● **TASK DIRECTIONS**
Return the whole listing, line for line, without the pictures in it.
· · · · ·
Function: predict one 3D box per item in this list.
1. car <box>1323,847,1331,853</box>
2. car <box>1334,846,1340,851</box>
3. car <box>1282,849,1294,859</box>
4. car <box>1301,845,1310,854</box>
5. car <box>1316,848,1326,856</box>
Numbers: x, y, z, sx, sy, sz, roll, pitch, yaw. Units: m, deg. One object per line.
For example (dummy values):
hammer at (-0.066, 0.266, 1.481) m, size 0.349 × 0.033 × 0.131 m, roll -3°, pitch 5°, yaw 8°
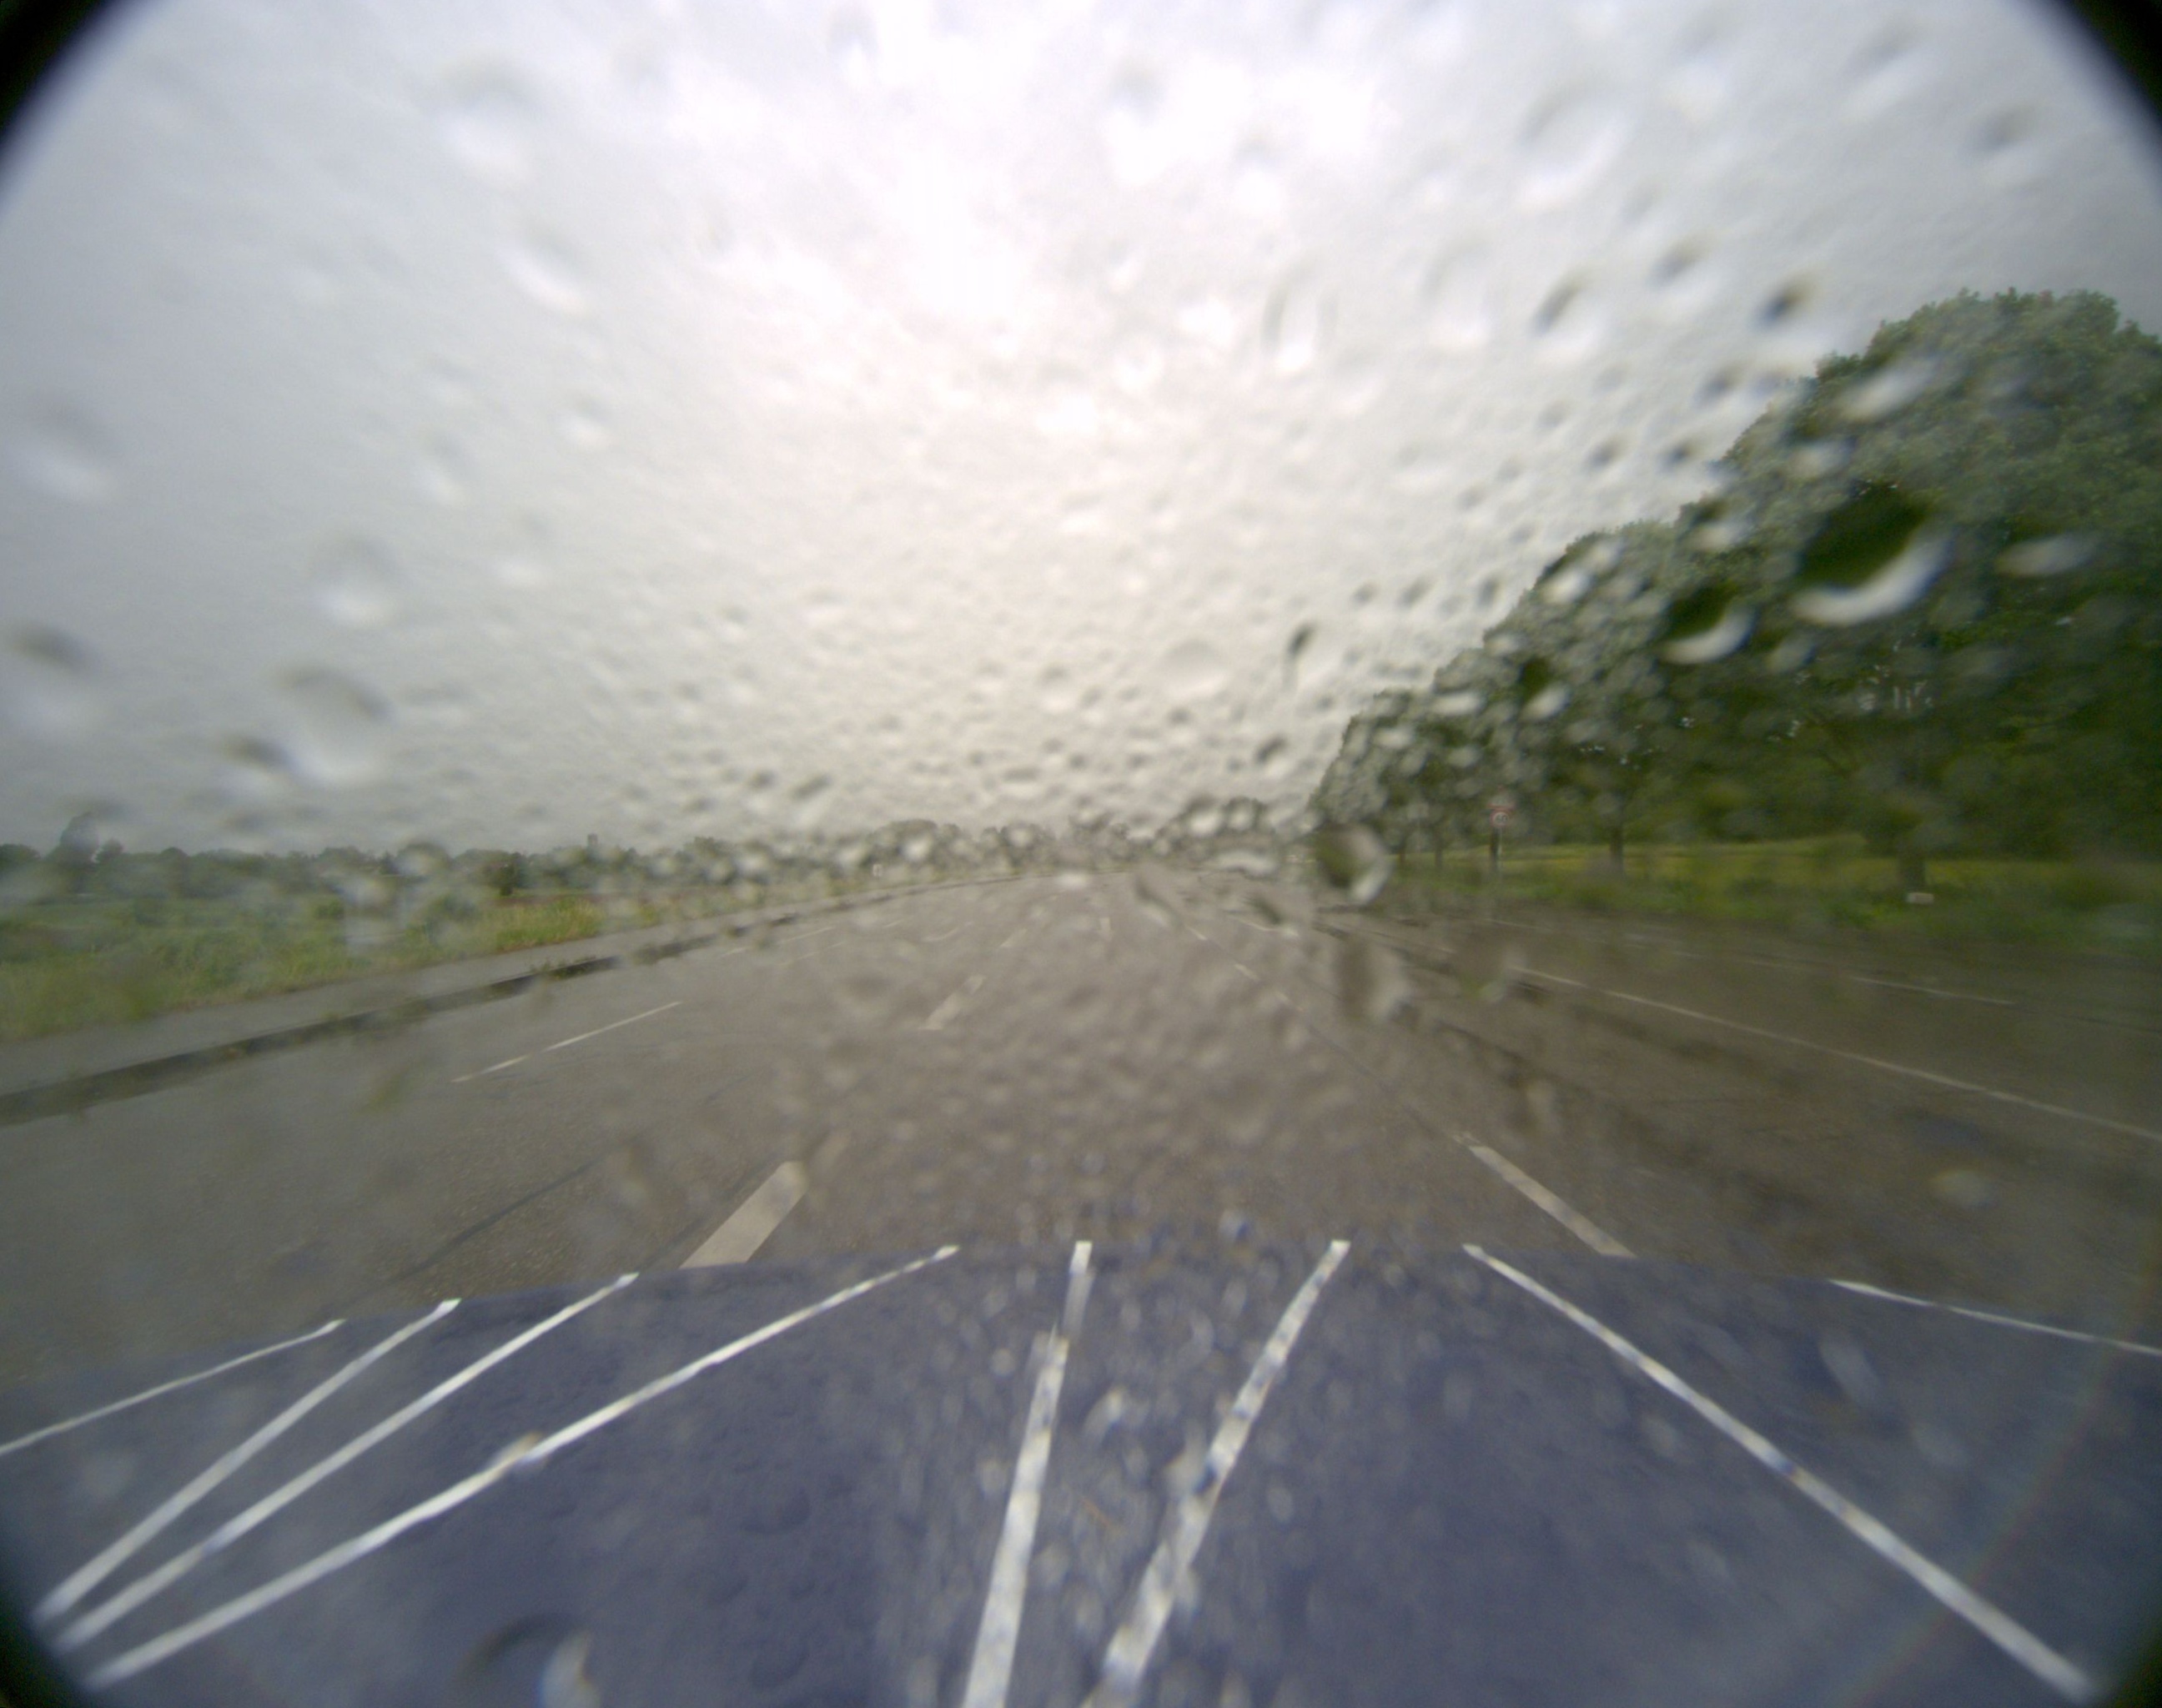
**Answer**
car at (60.380, -0.987, 186.861) m, size 1.741 × 1.479 × 4.015 m, roll 1°, pitch 1°, yaw 16°
car at (79.345, -1.716, 235.600) m, size 1.926 × 1.733 × 4.294 m, roll 1°, pitch 1°, yaw 18°
car at (35.888, 0.004, 131.728) m, size 1.881 × 1.564 × 4.649 m, roll 0°, pitch 1°, yaw 13°
car at (49.855, -0.924, 168.731) m, size 1.741 × 1.979 × 4.016 m, roll 1°, pitch 1°, yaw 17°
car at (54.283, -0.465, 172.143) m, size 1.887 × 1.578 × 4.123 m, roll -3°, pitch 0°, yaw 15°
· · · · ·
● **RESPONSE AREA**
Function: predict one 3D box per item in this list.
1. car <box>1323,847,1331,853</box>
2. car <box>1334,846,1340,851</box>
3. car <box>1282,849,1294,859</box>
4. car <box>1301,845,1310,854</box>
5. car <box>1316,848,1326,856</box>
Numbers: x, y, z, sx, sy, sz, roll, pitch, yaw. Units: m, deg. One object per line.
For example (dummy values):
hammer at (-0.066, 0.266, 1.481) m, size 0.349 × 0.033 × 0.131 m, roll -3°, pitch 5°, yaw 8°
**Answer**
car at (60.380, -0.987, 186.861) m, size 1.741 × 1.479 × 4.015 m, roll 1°, pitch 1°, yaw 16°
car at (79.345, -1.716, 235.600) m, size 1.926 × 1.733 × 4.294 m, roll 1°, pitch 1°, yaw 18°
car at (35.888, 0.004, 131.728) m, size 1.881 × 1.564 × 4.649 m, roll 0°, pitch 1°, yaw 13°
car at (49.855, -0.924, 168.731) m, size 1.741 × 1.979 × 4.016 m, roll 1°, pitch 1°, yaw 17°
car at (54.283, -0.465, 172.143) m, size 1.887 × 1.578 × 4.123 m, roll -3°, pitch 0°, yaw 15°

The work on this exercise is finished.